─── Available data

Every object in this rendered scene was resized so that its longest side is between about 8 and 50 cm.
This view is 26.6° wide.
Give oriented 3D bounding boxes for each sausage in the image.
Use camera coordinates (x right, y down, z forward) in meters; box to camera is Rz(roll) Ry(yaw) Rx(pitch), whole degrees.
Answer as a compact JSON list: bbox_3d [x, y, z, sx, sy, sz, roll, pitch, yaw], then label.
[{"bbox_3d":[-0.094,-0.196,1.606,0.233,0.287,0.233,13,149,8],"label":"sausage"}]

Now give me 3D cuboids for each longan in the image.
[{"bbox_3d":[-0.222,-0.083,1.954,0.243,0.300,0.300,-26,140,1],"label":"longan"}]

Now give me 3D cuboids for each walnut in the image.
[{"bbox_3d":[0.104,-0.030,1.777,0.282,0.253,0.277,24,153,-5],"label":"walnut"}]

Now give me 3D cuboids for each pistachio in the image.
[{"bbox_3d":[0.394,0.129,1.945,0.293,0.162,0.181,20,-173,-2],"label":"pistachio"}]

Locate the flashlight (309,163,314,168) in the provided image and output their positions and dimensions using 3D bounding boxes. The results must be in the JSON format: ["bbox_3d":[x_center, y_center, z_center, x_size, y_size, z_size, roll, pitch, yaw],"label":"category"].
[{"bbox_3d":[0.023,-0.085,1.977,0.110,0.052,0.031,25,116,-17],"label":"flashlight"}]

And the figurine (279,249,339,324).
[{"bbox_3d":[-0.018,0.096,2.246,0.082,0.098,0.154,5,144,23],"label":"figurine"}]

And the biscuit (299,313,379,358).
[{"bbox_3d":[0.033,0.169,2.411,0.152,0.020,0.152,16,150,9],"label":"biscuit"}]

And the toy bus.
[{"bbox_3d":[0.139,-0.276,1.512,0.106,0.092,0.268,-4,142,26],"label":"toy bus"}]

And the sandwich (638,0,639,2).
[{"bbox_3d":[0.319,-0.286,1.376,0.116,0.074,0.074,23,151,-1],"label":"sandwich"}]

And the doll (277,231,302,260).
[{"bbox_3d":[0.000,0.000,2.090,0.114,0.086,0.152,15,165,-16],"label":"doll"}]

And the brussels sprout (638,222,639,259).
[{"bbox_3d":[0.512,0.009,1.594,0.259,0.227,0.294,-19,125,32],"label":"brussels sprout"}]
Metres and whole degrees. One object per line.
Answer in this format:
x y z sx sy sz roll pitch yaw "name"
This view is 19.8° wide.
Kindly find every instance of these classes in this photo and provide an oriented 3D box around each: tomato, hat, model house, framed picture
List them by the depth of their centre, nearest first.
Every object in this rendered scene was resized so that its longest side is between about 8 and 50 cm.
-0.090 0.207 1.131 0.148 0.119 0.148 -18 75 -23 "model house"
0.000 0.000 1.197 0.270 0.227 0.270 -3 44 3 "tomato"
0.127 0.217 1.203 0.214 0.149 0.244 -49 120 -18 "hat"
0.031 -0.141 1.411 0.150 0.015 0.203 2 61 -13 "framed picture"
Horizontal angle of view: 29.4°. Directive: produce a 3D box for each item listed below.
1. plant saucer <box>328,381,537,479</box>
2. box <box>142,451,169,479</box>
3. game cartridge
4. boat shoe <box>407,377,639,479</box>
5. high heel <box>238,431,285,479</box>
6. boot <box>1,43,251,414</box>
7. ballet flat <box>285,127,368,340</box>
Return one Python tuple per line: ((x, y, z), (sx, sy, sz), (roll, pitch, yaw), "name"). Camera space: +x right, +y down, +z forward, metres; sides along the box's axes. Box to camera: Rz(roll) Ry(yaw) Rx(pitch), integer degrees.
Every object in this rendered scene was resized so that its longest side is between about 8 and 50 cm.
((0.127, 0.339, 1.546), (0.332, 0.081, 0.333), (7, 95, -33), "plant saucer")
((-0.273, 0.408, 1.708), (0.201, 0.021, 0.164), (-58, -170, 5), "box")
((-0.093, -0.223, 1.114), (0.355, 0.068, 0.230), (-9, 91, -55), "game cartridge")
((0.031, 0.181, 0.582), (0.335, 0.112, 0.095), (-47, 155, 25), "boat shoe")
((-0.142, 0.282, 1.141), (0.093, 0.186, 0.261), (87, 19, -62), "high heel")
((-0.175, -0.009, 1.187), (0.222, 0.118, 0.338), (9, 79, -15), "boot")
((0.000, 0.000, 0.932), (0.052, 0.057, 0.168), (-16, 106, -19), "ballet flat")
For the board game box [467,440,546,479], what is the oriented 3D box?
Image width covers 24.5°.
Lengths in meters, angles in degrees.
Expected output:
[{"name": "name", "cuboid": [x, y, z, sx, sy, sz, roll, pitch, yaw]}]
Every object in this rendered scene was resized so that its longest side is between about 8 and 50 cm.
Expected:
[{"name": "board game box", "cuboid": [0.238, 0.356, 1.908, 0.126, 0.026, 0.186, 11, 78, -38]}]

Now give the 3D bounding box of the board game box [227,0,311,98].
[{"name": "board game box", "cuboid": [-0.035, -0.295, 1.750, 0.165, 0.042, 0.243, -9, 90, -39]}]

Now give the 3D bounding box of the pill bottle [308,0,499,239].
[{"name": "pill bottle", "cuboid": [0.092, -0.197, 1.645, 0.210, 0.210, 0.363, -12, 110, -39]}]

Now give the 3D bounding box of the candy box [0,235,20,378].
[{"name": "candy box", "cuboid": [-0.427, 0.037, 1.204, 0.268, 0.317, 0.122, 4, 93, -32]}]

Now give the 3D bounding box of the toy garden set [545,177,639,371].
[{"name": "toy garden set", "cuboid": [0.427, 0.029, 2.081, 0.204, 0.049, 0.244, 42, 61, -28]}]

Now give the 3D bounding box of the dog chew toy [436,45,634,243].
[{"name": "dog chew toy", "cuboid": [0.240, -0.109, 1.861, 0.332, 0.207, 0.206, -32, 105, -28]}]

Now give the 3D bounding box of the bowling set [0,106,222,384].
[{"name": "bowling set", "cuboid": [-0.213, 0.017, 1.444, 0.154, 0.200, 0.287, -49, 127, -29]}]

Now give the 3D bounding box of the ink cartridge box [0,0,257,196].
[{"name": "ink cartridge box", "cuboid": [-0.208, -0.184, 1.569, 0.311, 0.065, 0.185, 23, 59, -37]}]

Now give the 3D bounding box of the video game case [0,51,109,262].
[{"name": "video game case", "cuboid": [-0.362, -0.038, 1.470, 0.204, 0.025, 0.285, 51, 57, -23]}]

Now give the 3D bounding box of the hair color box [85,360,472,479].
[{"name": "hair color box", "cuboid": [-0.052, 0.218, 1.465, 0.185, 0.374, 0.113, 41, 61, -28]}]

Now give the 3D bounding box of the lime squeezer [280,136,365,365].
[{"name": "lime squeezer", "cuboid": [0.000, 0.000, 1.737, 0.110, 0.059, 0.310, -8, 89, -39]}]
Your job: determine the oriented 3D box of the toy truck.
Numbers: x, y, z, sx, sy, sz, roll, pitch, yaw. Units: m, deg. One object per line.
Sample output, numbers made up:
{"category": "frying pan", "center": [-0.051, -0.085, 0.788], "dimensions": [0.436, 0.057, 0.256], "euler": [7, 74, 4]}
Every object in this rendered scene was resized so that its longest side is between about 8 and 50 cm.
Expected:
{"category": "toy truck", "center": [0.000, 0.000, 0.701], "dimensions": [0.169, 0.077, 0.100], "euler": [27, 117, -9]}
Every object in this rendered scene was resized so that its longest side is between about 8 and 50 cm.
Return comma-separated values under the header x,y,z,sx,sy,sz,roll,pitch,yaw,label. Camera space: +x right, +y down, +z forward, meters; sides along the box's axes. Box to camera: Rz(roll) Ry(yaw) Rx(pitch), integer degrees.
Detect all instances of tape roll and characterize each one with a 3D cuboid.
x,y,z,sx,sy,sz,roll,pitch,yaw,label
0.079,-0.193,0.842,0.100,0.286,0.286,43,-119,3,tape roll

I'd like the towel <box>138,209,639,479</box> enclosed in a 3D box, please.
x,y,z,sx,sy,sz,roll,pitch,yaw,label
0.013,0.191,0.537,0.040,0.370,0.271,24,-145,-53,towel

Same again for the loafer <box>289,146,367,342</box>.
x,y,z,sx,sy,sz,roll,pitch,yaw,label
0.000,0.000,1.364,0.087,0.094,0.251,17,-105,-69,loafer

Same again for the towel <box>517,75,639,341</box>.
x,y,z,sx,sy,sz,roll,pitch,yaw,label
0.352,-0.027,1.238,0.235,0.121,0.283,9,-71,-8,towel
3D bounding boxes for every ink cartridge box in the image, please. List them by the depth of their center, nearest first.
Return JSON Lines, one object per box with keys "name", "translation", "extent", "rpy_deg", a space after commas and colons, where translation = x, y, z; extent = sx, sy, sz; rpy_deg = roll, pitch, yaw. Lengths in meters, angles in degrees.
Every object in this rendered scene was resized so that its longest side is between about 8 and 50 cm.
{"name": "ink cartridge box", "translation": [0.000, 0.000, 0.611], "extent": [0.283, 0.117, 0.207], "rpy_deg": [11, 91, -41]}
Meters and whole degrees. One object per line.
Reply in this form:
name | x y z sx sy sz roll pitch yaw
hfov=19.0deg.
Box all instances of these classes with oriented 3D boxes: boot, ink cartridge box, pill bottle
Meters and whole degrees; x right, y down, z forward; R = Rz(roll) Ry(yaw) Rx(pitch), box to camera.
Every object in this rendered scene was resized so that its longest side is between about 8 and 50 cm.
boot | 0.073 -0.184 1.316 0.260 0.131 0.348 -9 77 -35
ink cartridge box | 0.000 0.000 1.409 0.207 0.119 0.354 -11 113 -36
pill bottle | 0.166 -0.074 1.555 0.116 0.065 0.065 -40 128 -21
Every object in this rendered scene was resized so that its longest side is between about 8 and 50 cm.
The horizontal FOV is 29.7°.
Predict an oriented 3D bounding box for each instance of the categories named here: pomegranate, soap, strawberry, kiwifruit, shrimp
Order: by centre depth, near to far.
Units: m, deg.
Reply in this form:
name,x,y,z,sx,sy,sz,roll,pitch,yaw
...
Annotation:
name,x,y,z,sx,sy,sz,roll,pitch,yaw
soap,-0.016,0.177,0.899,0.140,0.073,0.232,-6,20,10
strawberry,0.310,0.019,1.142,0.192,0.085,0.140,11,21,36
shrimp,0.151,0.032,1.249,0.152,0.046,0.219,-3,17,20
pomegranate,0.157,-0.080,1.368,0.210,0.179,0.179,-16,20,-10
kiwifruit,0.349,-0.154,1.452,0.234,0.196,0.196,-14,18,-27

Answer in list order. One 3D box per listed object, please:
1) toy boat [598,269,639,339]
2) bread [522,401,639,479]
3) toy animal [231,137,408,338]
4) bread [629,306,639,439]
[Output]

──────

Across the listing above, report every line where "oriented" occurs.

Give oriented 3D bounding boxes for each sausage in the image.
Kindly find every instance of these classes in this photo and provide an oriented 3D box around each: tomato, hat, model house, framed picture
For the board game box [467,440,546,479], what is the oriented 3D box?
Your job: determine the oriented 3D box of the toy truck.
Box all instances of these classes with oriented 3D boxes: boot, ink cartridge box, pill bottle
Predict an oriented 3D bounding box for each instance of the categories named here: pomegranate, soap, strawberry, kiwifruit, shrimp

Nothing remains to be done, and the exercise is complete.